At the same time, it is reported that SpiceJet would be able to carry on operations without being put in ''cash and carry'' mode, a badly needed breather for the carrier.
Airline officials met top civil aviation ministry officials in Delhi on Monday seeking some sort of bailout.
On the directions of the Directorate-General of Civil Aviation (DGCA), SpiceJet has already announced on its website that it is unable to take bookings for flights beyond 30 days. Its daily flights have also declined from 332 in September to 239.

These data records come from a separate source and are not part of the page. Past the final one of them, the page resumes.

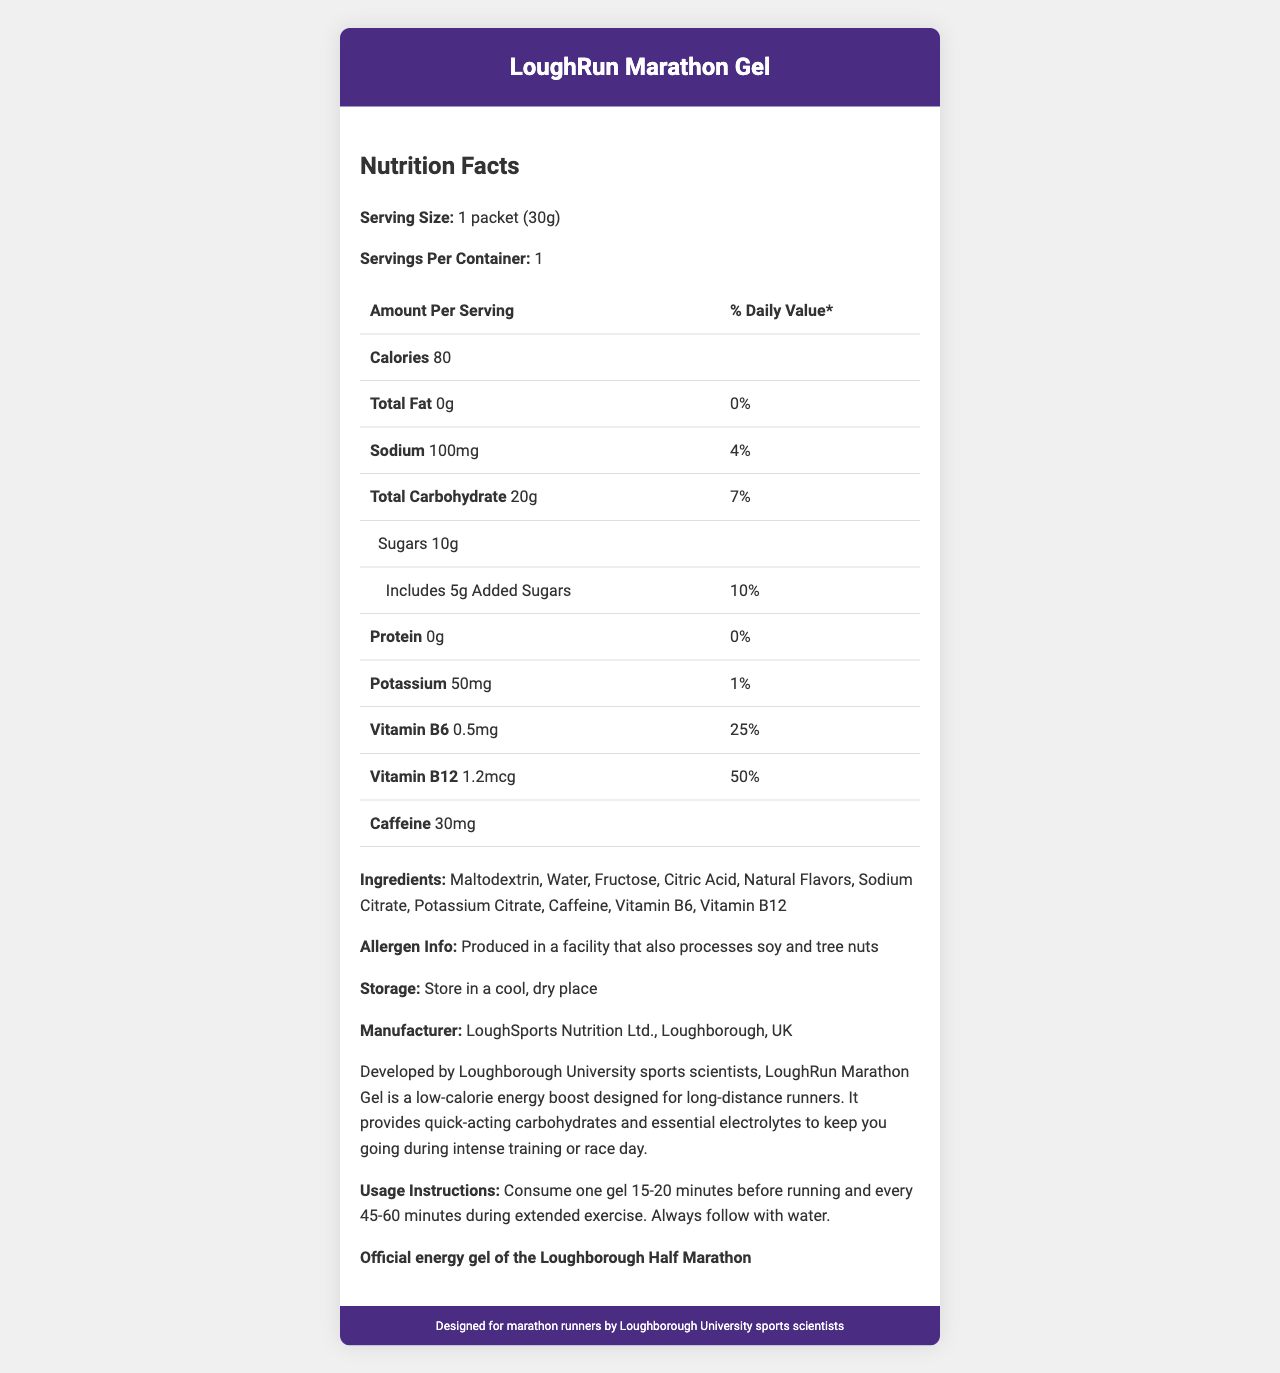what is the serving size of the LoughRun Marathon Gel? The document states the serving size as "1 packet (30g)" under the Nutrition Facts section.
Answer: 1 packet (30g) how many milligrams of caffeine are in one serving? The document lists "Caffeine 30mg" in the Nutrition Facts table.
Answer: 30mg how many grams of total carbohydrates are provided per serving? The Nutrition Facts table shows that the total carbohydrate amount per serving is "20g."
Answer: 20g what is the percent daily value of sodium in one packet? The document indicates that the sodium content has a percent daily value of "4%" per serving.
Answer: 4% how much vitamin B12 does the LoughRun Marathon Gel contain? The Nutrition Facts section states that there is "Vitamin B12: 1.2mcg" in one serving.
Answer: 1.2mcg what are the first three ingredients listed? In the Ingredients section, the first three listed ingredients are "Maltodextrin, Water, Fructose."
Answer: Maltodextrin, Water, Fructose which electrolyte is included in the gel, and what is its amount? The Nutrition Facts table shows that the gel contains "Sodium 100mg."
Answer: Sodium, 100mg what is the manufacturer's name and location? The document states the manufacturer as "LoughSports Nutrition Ltd., Loughborough, UK."
Answer: LoughSports Nutrition Ltd., Loughborough, UK what is the total number of calories in one packet? According to the Nutrition Facts, there are "Calories 80" per serving.
Answer: 80 how many grams of sugars are added to the product? The Nutrition Facts section details that the added sugars amount to "5g."
Answer: 5g what is the main idea of the document? The document describes the nutritional content, ingredients, allergens, and manufacturer details of the LoughRun Marathon Gel, as well as how to use and store it.
Answer: The document provides detailed Nutrition Facts for the LoughRun Marathon Gel, a low-calorie energy gel designed for marathon runners, including its ingredients, nutritional content, storage information, and usage instructions. how should the gel be stored? The document advises storing the product in "a cool, dry place."
Answer: Store in a cool, dry place choose the correct serving instructions: (i) Consume two gels before running and every hour during exercise. (ii) Consume one gel 15-20 minutes before running and every 45-60 minutes during extended exercise. (iii) Avoid consuming gels during exercise. The document states, "Consume one gel 15-20 minutes before running and every 45-60 minutes during extended exercise. Always follow with water."
Answer: ii which vitamin has a higher percent daily value per serving? A. Vitamin B6 B. Vitamin B12 C. Both B6 and B12 have the same % daily value The Nutrition Facts section shows that Vitamin B6 has a percent daily value of "25%" while Vitamin B12 has "50%."
Answer: B does the gel contain any protein? The document indicates "Protein 0g" with a percent daily value of "0%."
Answer: No was the gel developed specifically for sprinters? The document states that the LoughRun Marathon Gel was developed for long-distance runners, not specifically for sprinters.
Answer: No where can one find the presence of tree nuts in the allergen information? The document mentions that it is produced in a facility that also processes soy and tree nuts, but it does not specify the presence of tree nuts in the product itself.
Answer: Cannot be determined

The aviation regulator had asked the airline to submit a convincing recapitalisation plan.
SpiceJet needs about Rs1,400 crore immediately, and another Rs600 crore as a long-term infusion.
S L Narayanan, chief financial officer of the parent Sun Group and Sanjiv Kapoor, its chief operating officer, met aviation minister Ashok Gajapathy Raju, minister of state Mahesh Sharma and senior ministry officials.
''SpiceJet has requested for relief. We will first discuss it within the Ministry and then approach the government. No commitment or assurance has been given,'' Mahesh Sharma told journalists later.
The aviation regulator had earlier asked the budget carrier last week to prepare a payment plan for vendors by today. The DGCA has also asked SpiceJet to clear salary dues of all its employees by today.
Reports said there is no investor in sight for the airline owned by billionaire Kalanaithi Maran's Chennai-based Sun group. SpiceJet owes Rs700 crore to lessors and Rs400 crore to other vendors. It has lost money for five consecutive quarters and as of 30 September 2014, its total liabilities exceeded its total assets by Rs1,460 crore.
The carrier has cut its fleet by about a third - from 35 Boeing planes to 22 - in September.
Worried about large-scale cancellations, DGCA withdrew 186 of its slots on 5 December. SpiceJet had said the withdrawal of slots was a "natural outcome of a revised fleet plan".
Spicejet earlier on Monday had reportedly sent a mail to its pilots warning of possible disruption in operations.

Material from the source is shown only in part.